RECORDS SHOWN —
————————

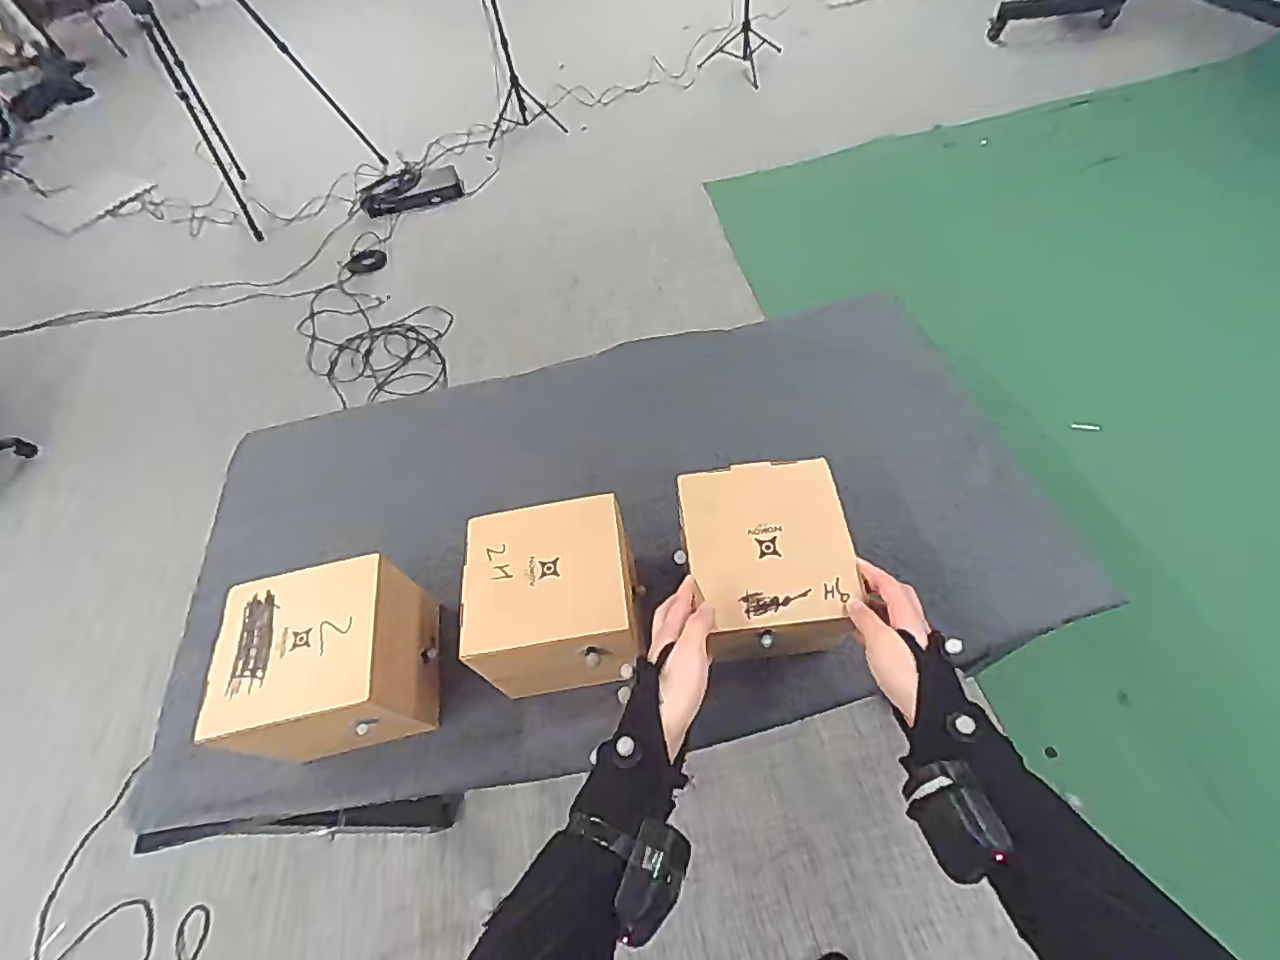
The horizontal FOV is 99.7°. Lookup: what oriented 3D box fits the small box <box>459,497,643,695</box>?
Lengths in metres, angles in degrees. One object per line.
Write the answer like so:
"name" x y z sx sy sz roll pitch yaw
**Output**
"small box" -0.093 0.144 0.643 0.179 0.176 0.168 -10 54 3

————————

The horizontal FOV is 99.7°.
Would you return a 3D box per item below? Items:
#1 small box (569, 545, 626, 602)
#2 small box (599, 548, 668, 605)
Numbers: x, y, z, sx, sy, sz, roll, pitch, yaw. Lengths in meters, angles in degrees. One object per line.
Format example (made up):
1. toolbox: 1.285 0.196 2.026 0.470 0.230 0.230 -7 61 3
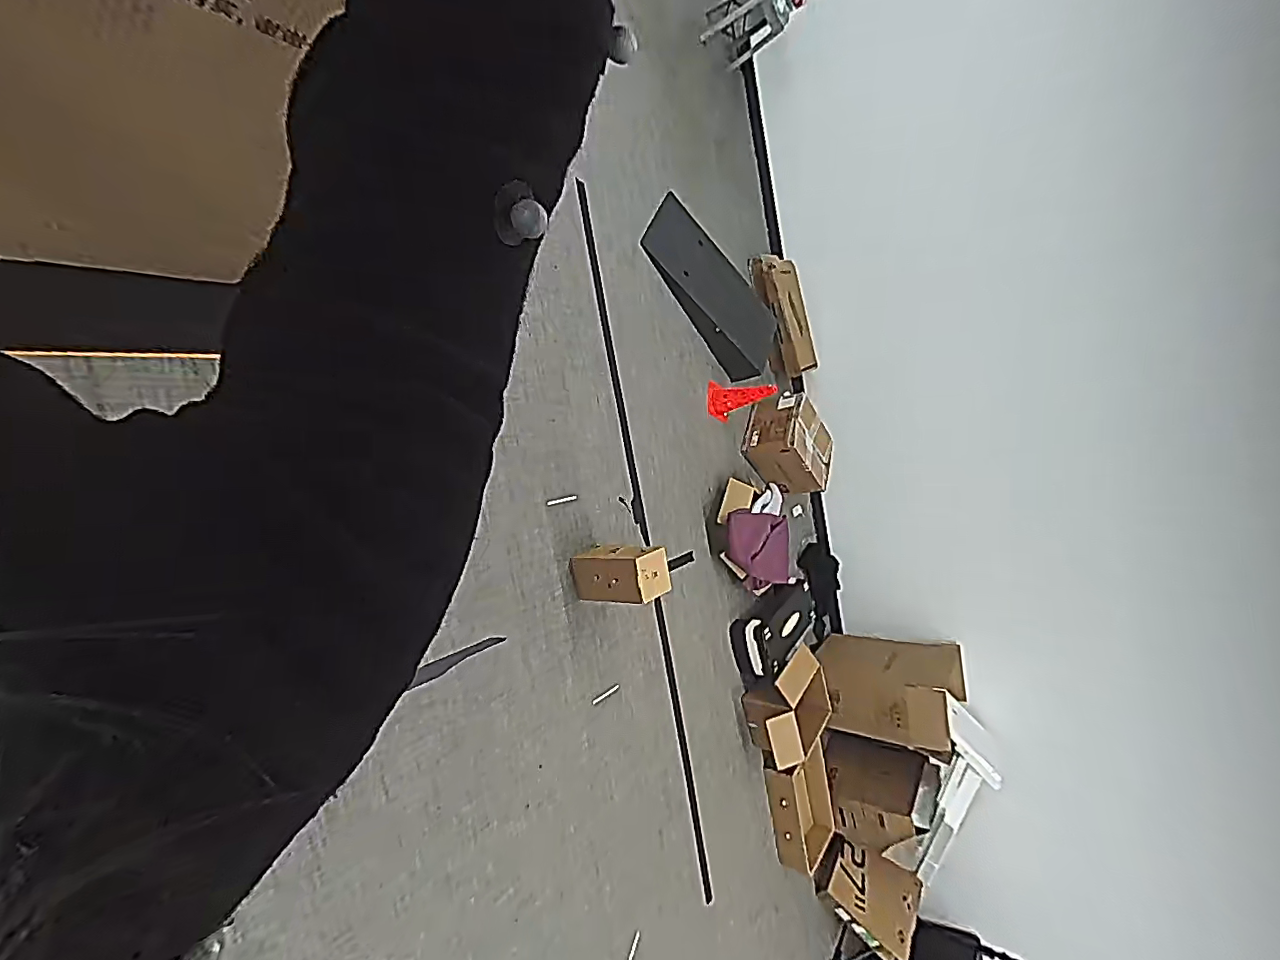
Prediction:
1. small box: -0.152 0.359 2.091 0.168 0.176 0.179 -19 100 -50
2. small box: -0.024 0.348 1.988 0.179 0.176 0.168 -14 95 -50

————————

HOW TO COMPLETE THIS TASK — How many of the lines above hold "object"? Answer with only the number.

RESPONSE TO THE TASK — 2